Abstract

Low-lying coastal areas are susceptible to multiple types of flooding from marine, subsurface, and surface sources. The co-occurrence of a rainfall event with high sea level, which raises coastal groundwater tables conjointly, may result in a compound flooding event, which could be much more widespread and dangerous than that of an individual flooding source. Focusing on Imperial Beach as a low-elevation coastal community in California, this paper provides a generalized methodology to determine the vulnerability of coastal stormdrain systems to compound seawater, groundwater, and stormwater flooding under a changing climate.

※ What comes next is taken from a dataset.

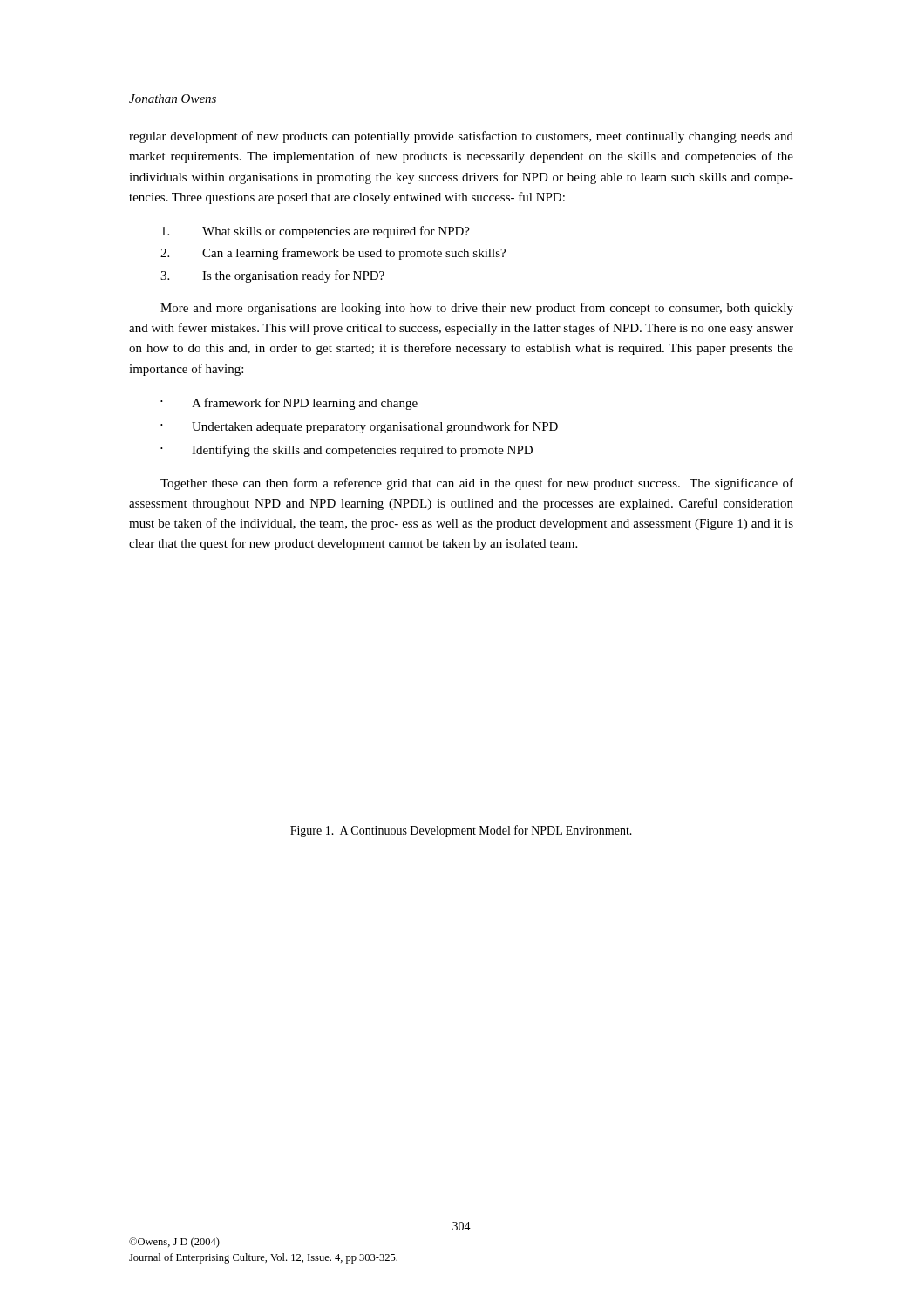Viewport: 924px width, 1308px height.
Task: Select the region starting "2. Can a learning framework be used to"
Action: coord(461,254)

Although marine inundation by itself is expected to flood only 7% of the study area by 2100 under the most pessimistic scenario (i.e. 2 m rise), our results show that more than 20% of the study area's subterranean stormdrain system is already at the risk of subsurface flooding at current sea levels. While marine inundation is a concern near the coastline as sea level rises, the results show that seawater intrusion into the stormdrain system can impact areas kilometers away from the coastline. The consequences of sea-level rise (SLR) can be exacerbated by an under-resourced stormdrain system, caused by groundwater infiltration through system defects. As such, by a 2 m rise in current sea-level, the flooding volume may double in an ideal system (i.e., no defects) while this ratio can increase six fold in a slightly defective stormdrain system (with 0.25 % porosity systemwide). The continuous simulations of the stormdrain system performance indicate that flood events will be more destructive and frequent under these circumstances.